Build an AI-Powered Terminal Assistant with Ollama and Shell Scripts

You can build a practical AI terminal assistant by wiring Ollama’s
local API into shell functions that explain errors, suggest commands, and summarize man pages - all from your .bashrc or .zshrc. No Python dependencies, no cloud API keys, no persistent daemon consuming RAM when you’re not using it. The whole thing fits in under 120 lines of shell script and responds in under a second on modest hardware with a model already loaded.
The approach described here is intentionally minimal. You get exactly the features that save you time in a real terminal workflow, without the overhead of a full CLI AI wrapper application.
Architecture - How the Assistant Works
The design is a collection of shell functions that make HTTP requests to Ollama’s REST API on demand, then print the result to your terminal. When you’re not calling them, they consume exactly zero resources.
The data flow for every function follows the same pattern:
- Capture some input (an error message, a description of what you want to do, a command name)
- Build a JSON payload with a system prompt and user content
- Send it to
http://localhost:11434/api/generateviacurl - Parse the response with
jqand print it

Ollama needs to be running in the background before any of this works. On systemd systems, systemctl start ollama handles it. Otherwise, ollama serve in a background terminal works fine.
For the model, you want something fast. Phi-4 Mini and Qwen 2.5 3B both give fast, accurate responses for terminal tasks. Pull whichever fits your VRAM:
ollama pull phi4-mini # ~2.5 GB, very fast
ollama pull qwen2.5:3b # ~1.9 GB, slightly more capable on code tasksShort responses (error explanations, single commands) use "stream": false so curl collects the full response before printing. Longer output (man page summaries) uses "stream": true and pipes through jq for token-by-token output - waiting five seconds for a block of text to arrive all at once is annoying, streaming makes it feel much more responsive.

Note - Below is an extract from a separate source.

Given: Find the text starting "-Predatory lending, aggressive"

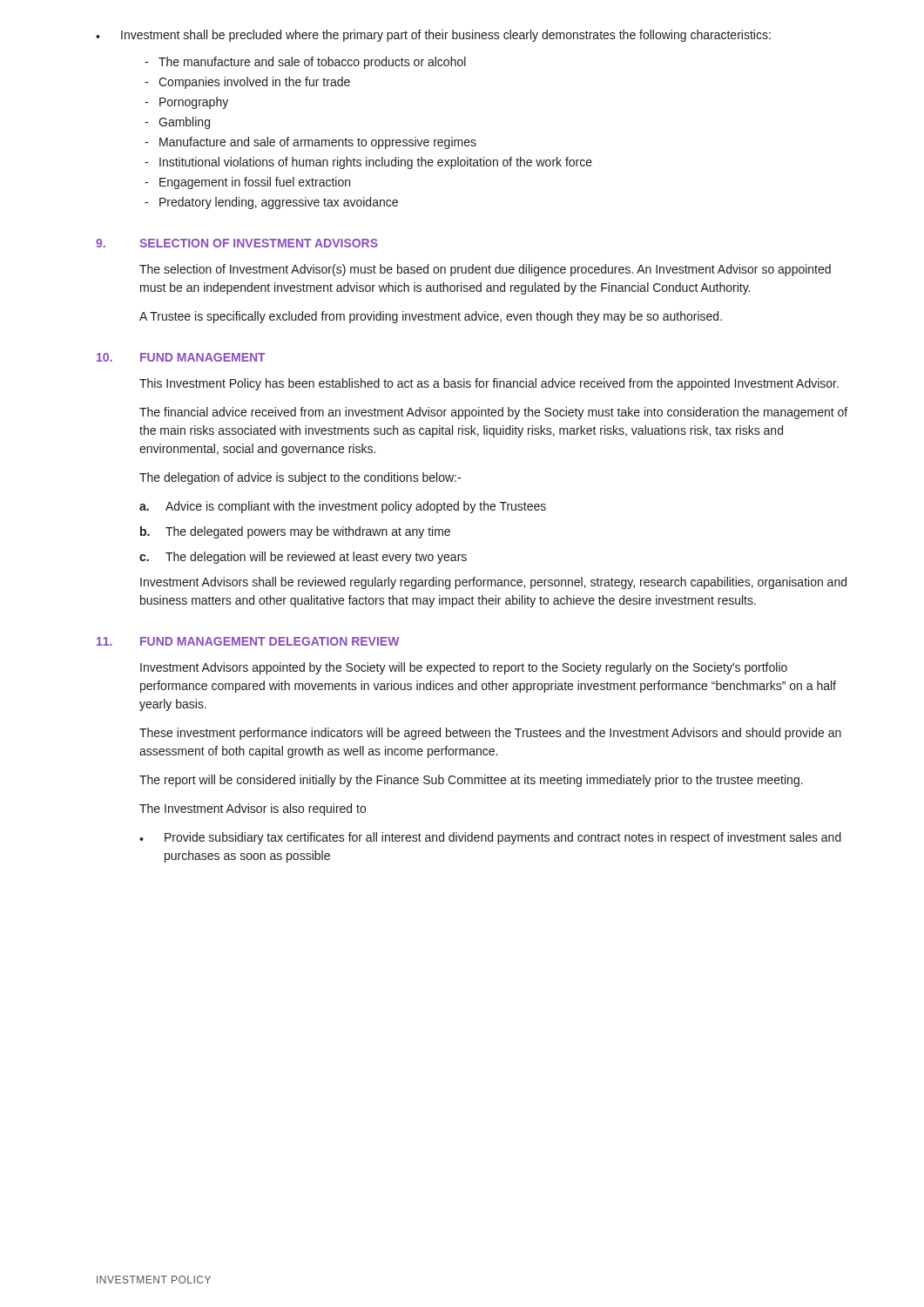Looking at the screenshot, I should click(x=272, y=203).

The choice to keep this shell-native means it works in any terminal emulator without requiring a specific Python environment, Go binary, or framework. It also means the functions compose naturally with pipes, heredocs, and the rest of your existing shell workflows.
Core Function - Error Explanation
The wtf function is the one you’ll use most. After a command fails, type wtf and it explains what went wrong and suggests a fix.
First, set up a hook to capture stderr from every command. In .bashrc:
# Redirect stderr to both the screen and a temp file
exec 2> >(tee /tmp/.last_stderr >&2)This sends stderr to both the terminal (so you still see errors in real time) and /tmp/.last_stderr for later retrieval by wtf.
Now the function itself:
wtf() {
local exit_code=$?
local last_cmd
last_cmd=$(fc -ln -1 | sed 's/^ *//')
local last_err
last_err=$(cat /tmp/.last_stderr 2>/dev/null | tail -20)
local os_info
os_info=$(uname -srm)
if [[ -z "$last_err" && $exit_code -eq 0 ]]; then
echo "Last command succeeded (exit code 0). Nothing to explain."
return
fi
local prompt="Command: $last_cmd
Exit code: $exit_code
Error output: $(sanitize_prompt "$last_err")
OS: $os_info
Explain what went wrong and suggest the most likely fix. Two to three sentences unless the fix genuinely requires more detail."
curl -s "${AI_HOST:-http://localhost:11434}/api/generate" \
-d "$(jq -n \
--arg model "${AI_MODEL:-phi4-mini}" \
--arg prompt "$prompt" \
'{model: $model, prompt: $prompt, stream: false}')" \
| jq -r '.response'
> /tmp/.last_stderr
}Note the sanitize_prompt call - that function is defined in the installation section and strips API keys and passwords
before they hit the model. Worth doing even though Ollama runs locally, since model context can end up in logs.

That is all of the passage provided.